Answering the Call on Robocalling

Posted by: Bob Quinn on July 25, 2016 at 12:15 pm

Last week, AT&T’s Chairman and CEO, Randall Stephenson, received a letter from Chairman Wheeler addressing the robocalls that continue to plague our industry and our customers.  AT&T agrees that decisive action is needed. Indeed, AT&T has separately called for the development of comprehensive and industry-wide solutions to address these unwanted, illegal and often fraudulent calls.

As the letter noted, telecommunications providers must play a vital role in attacking the robocalling problem and AT&T is prepared to take a leadership position in the industry in the development of comprehensive solutions. We currently allow many of our customers to block calls using black-listing software like Nomorobo and we are committed to providing our customers with the best blocking tools available for use with their knowledge and consent.

But call blocking alone will not address the problem as robocallers continue to develop ways to evade established filters and black lists. To effectively stem the tide of these calls, the communications industry – network providers, handset makers and device OS developers alike – must work together to ensure that only calls from legitimate callers and those associated with legitimate and unaltered numbers are sent to consumer phones.

For these reasons, and at the request of Chairman Wheeler, Mr.

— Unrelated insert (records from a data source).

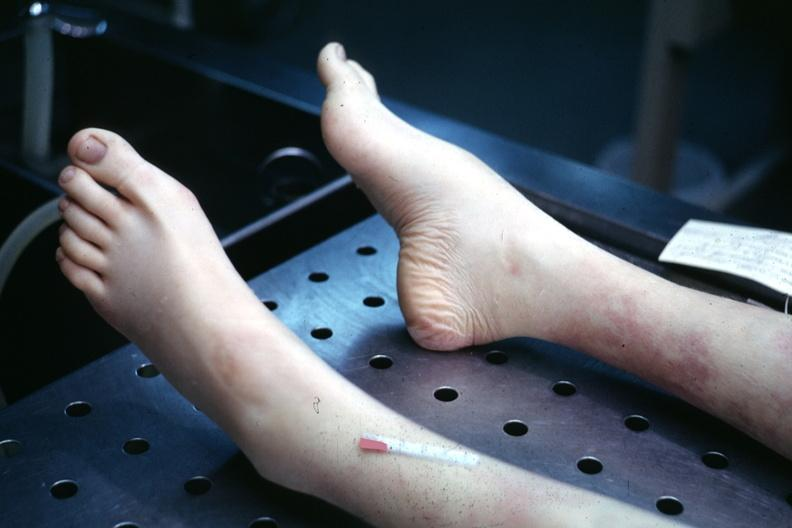re extremities present?
Answer the question using a single word or phrase. Yes 
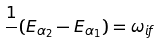<formula> <loc_0><loc_0><loc_500><loc_500>\frac { 1 } { } ( E _ { \alpha _ { 2 } } - E _ { \alpha _ { 1 } } ) = \omega _ { i f }</formula> 
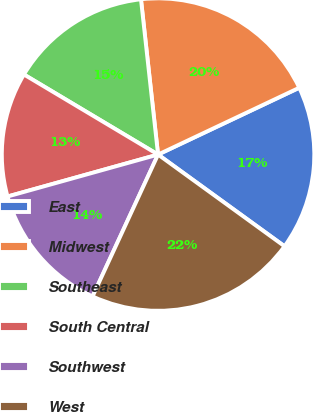<chart> <loc_0><loc_0><loc_500><loc_500><pie_chart><fcel>East<fcel>Midwest<fcel>Southeast<fcel>South Central<fcel>Southwest<fcel>West<nl><fcel>17.02%<fcel>19.71%<fcel>14.69%<fcel>12.89%<fcel>13.79%<fcel>21.9%<nl></chart>

Stephenson has agreed to chair a new Robocalling Strike Force, the mission of which will be to accelerate the development and adoption of new tools and solutions to abate the proliferation of robocalls and to make recommendations to the FCC on the role government can play in this battle.

Furthermore, in a response to the FCC today, AT&T confirmed and committed to the specific requests in Chairman Wheeler’s letter: AT&T will conform to emerging IETF and ATIS VOIP caller ID verification standards as soon as they are available; AT&T will investigate and adopt, where viable, SS7 solutions associated with VOIP calls, in accordance with adopted verification standards; AT&T will work together with the industry, the standards bodies and through the new task force on a “Do Not Originate” list for the purpose of identifying suspicious calls originating outside of the United States; and AT&T will facilitate efforts by other carriers to adopt call blocking technologies on their networks.

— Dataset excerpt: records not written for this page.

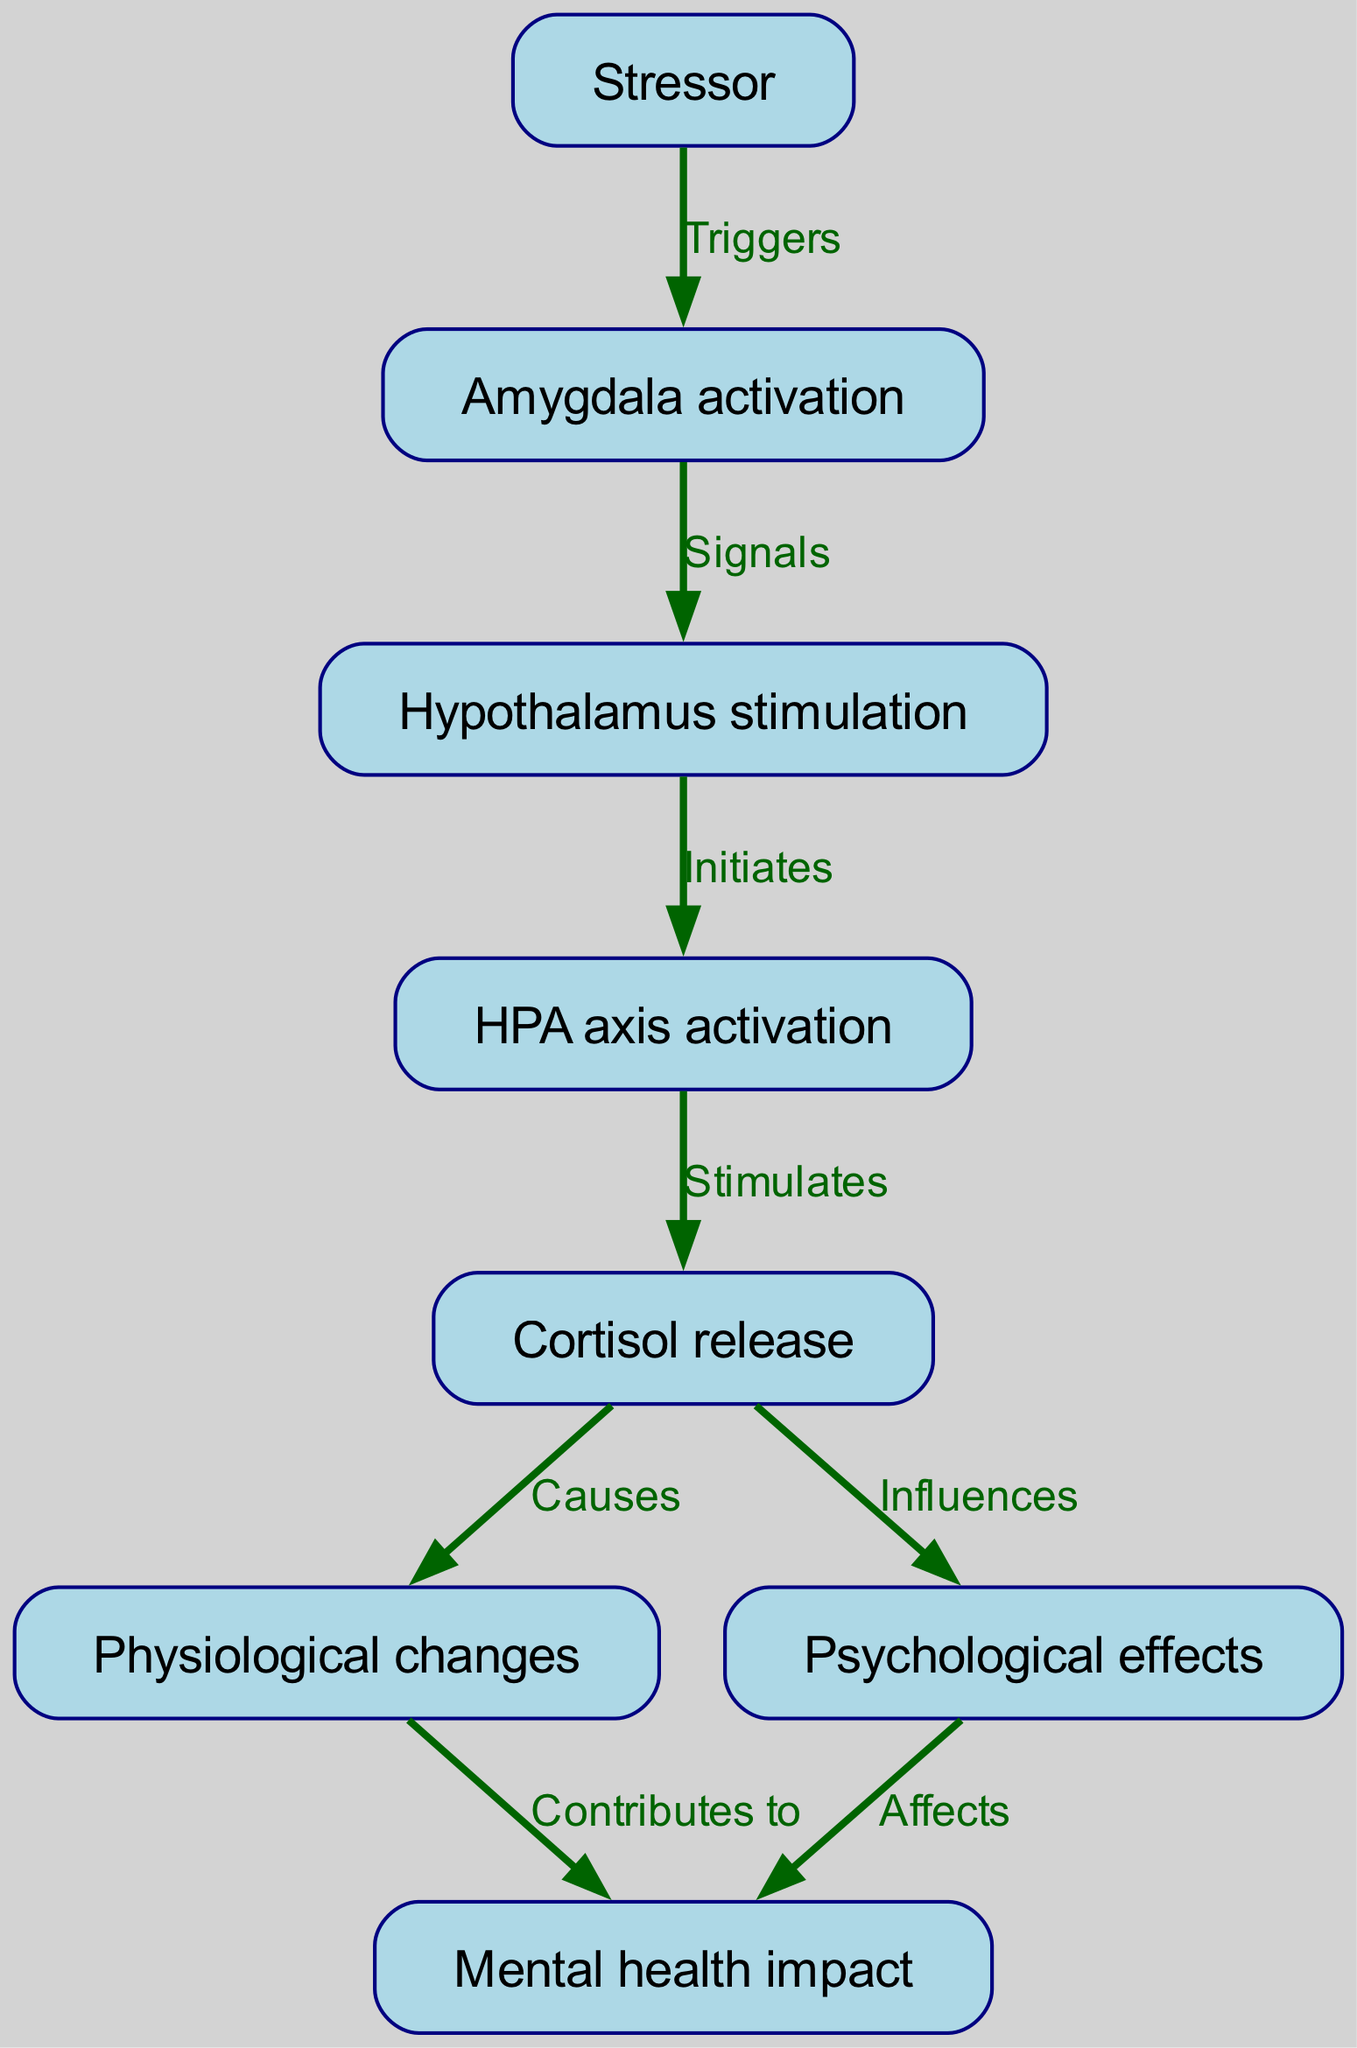What is the first node in the flow chart? The first node in the flow chart is 'Stressor', which is indicated as the starting point before any processes are triggered.
Answer: Stressor How many nodes are present in the diagram? Counting each of the distinct elements in the flow chart, there are a total of eight nodes listed, which represent different stages in the stress response process.
Answer: 8 What is the relationship between 'Cortisol release' and 'Physiological changes'? The diagram indicates that 'Cortisol release' causes 'Physiological changes', establishing a direct link between the two nodes where the release of cortisol affects the body physiologically.
Answer: Causes What does the 'Amygdala activation' signal to next in the flow chart? Based on the flow described, 'Amygdala activation' signals the 'Hypothalamus stimulation', marking a critical step in the stress response cascade.
Answer: Hypothalamus stimulation Which node is impacted by both 'Cortisol release' and 'Psychological effects'? The 'Mental health impact' node is influenced by both 'Cortisol release' and 'Psychological effects', showing how these two processes contribute to mental health outcomes.
Answer: Mental health impact What initiates the activation of the HPA axis? The activation of the HPA axis is initiated by the stimulation of the 'Hypothalamus', demonstrating a sequential process where one event triggers the next in the stress response.
Answer: Hypothalamus stimulation How does 'Physiological changes' relate to 'Mental health impact'? The flow chart indicates that 'Physiological changes' contributes to the 'Mental health impact', implying that changes in the body due to stress can lead to mental health consequences.
Answer: Contributes to What are the two effects of 'Cortisol release'? 'Cortisol release' influences both 'Physiological changes' and 'Psychological effects', indicating that cortisol has both physical and mental effects during stress response.
Answer: Physiological changes and Psychological effects

AT&T joins Chairman Wheeler and his staff in the commitment to bring the industry together to protect consumers from unwanted communications and to rid our communications networks of these unwanted and pernicious calls.

Comments (4)

This is all well and good, but I can give you a concrete way to stop robocallers.

AT&T refuses to allow it’s customers to block more than 6 phone numbers.

Why?

In the interest of consumer security, ALLOW CUSTOMERS TO BLOCK AS MANY NUMBERS AS THEY WISH!!!

It may not block robocallers at the source, but at least it will make it easier to stop them at the customer end.

AT&T has NO excuse for limiting the number of blocked phone numbers to 6.

It is inexcusable.

A. Mann August 26, 2016 at 11:01 am

I received a robocall today, from my own number! How does that even work. They wanted last 4 digits of SS# and account PIN code. I entered random numbers, and then it said, “the flag has been lifted from your account.” Can anyone let me know what this is?

Allison Lund August 30, 2016 at 4:09 pm

What I don’t understand – every number that dials out must go through a network. Why can’t these be traced when it is seen there is a robocall system operating. Even if computer generated calls – people are being asked to call someone back – That is where they must have connection to a number. If a phone is connected – it can be tracked. If the fines were applied and people were going to jail for invasion of privacy – it would stop.

Blake Escudier October 5, 2016 at 4:22 pm

I use a free call block app on my cell phone that can use a white list (my contact list) to block all calls not in my contact list. It’s much less likely that the robocall will spoof that small contact list. AT&T could do that same and that would be so much less work than adding the half dozen calls I get each day to a black list.